Arnold’s ability to compose quickly to tight deadlines and specific timings found an excellent outlet in film. By 1953, there were close to sixty cinematic scores covering both film and documentary. His concert works were also gaining traction in the concert hall, and his English Dances Sets 1 and 2 which appeared in 1951 and 1952 had proven extremely popular. It is not really surprising, then, that when Humphrey Searle turned down the request to write a ballet to celebrate the coronation, citing time constraints, that he suggested Arnold. Youth was the buzz word of the day and Arnold at 31 fitted the bill.

The ballet was composed, orchestrated, designed, choreographed, and produced in the incredibly short period of two months. Arnold told me that such was the tight schedule that he composed during the night and handed the manuscript to the copyist the next morning. The ballet, with choreography by Frederick Ashton and designs by Oliver Messel, was first produced on Coronation Day, 2 June 1953. This was an odd affair, as the evening began with Act 2 of Swan Lake which was followed at 9 p.m. by the broadcast of the Queen’s coronation address to the nation; only then was the new ballet performed. 

The original scenario provided for four sections each evoking the period of four different queens: Elizabeth I, Anne, Victoria, and finally the new Elizabeth. The designer Oliver Messell was less than keen on this idea, and it was dropped at an early stage, and the work became a divertissement in which the queens of the four elements and their courts pay homage to the new Queen Elizabeth.

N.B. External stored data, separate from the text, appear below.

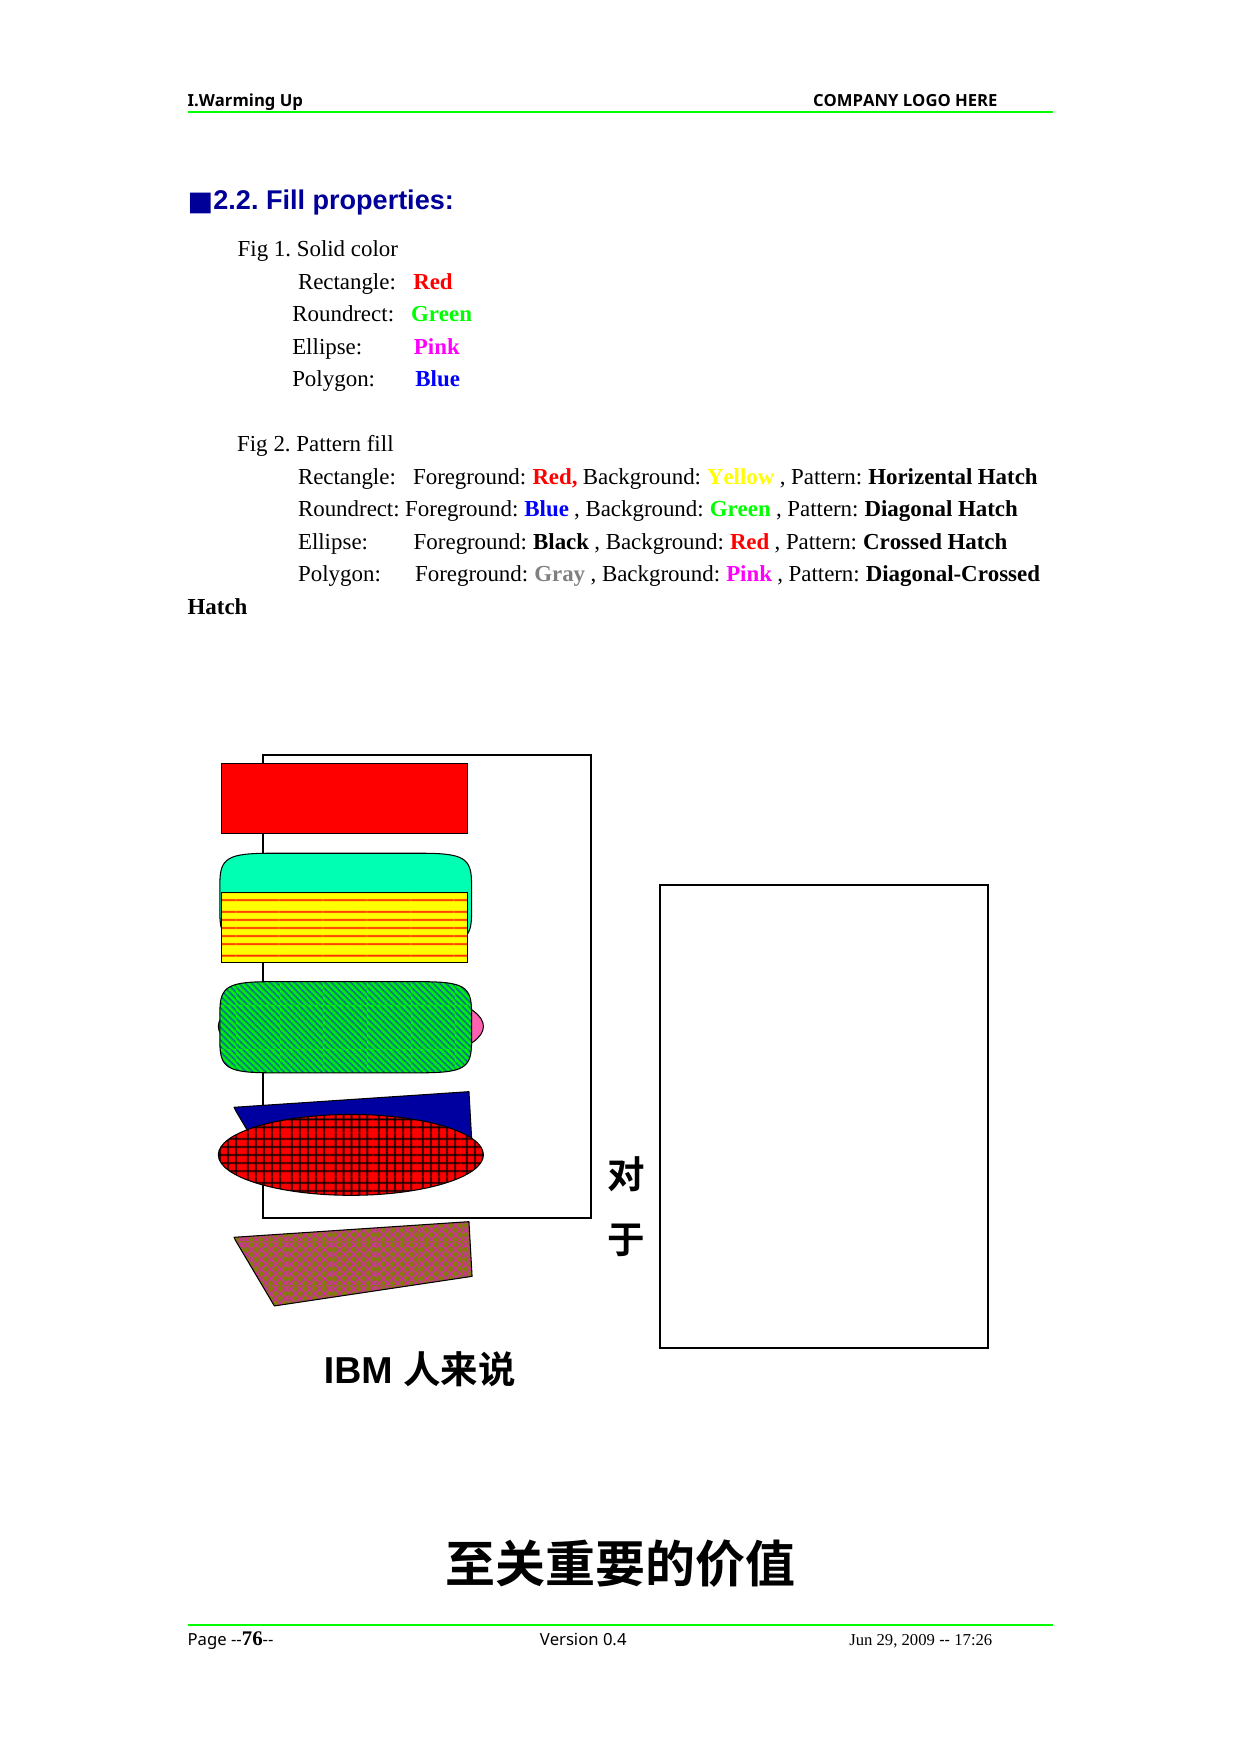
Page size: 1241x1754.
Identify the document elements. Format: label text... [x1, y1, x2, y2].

text Roundrect: Green [187, 292, 1053, 324]
picture [221, 983, 471, 1072]
text 对于 IBM 人来说 [187, 1137, 1053, 1397]
subtitle 2.2. Fill properties: [187, 162, 1053, 227]
text Fig 2. Pattern fill [187, 422, 1053, 454]
text Fig 1. Solid color [187, 227, 1053, 259]
text Rectangle: Red [187, 259, 1053, 292]
text Ellipse: Pink [187, 324, 1053, 357]
text Polygon: Blue [187, 357, 1053, 389]
text Ellipse: Foreground: Black , Background: Red , Pattern: Crossed Hatch [187, 519, 1053, 552]
text Rectangle: Foreground: Red, Background: Yellow , Pattern: Horizental Hatch [187, 454, 1053, 487]
picture [222, 893, 467, 962]
picture [236, 1223, 471, 1305]
text 至关重要的价值 [187, 1527, 1053, 1592]
text Roundrect: Foreground: Blue , Background: Green , Pattern: Diagonal Hatch [187, 487, 1053, 519]
text Polygon: Foreground: Gray , Background: Pink , Pattern: Diagonal-Crossed Hatch [187, 552, 1053, 617]
picture [219, 1116, 482, 1194]

Like the Russian masters before him, Ashton provided Arnold with a detailed scenario, complete with the timings of each section, which, with his cinematic background he had no problem in following. Arnold meets the constraints with some of his most appealing music. At the time Ninette de Valois compared the score to Tchaikovsky, and Arnold believed this did him some damage professionally. It is, however, not a totally unjustified comparison. Like Tchaikovsky, Arnold is able to create, within the eight- and sixteen-bar phrases required of him, music of real beauty and originality. Ashton was stunned by the speed Arnold could write and by his willingness to change things if the music did not quite work with his ideas. 

Each section devoted to an element is shaped by the conventions of the Classical/Romantic ballet. The centre piece of each is a pas de deux, surrounded by different solos and group dances. The restrictions of the medium do not compromise his original voice. The music is wholly balletic and wholly Arnold. 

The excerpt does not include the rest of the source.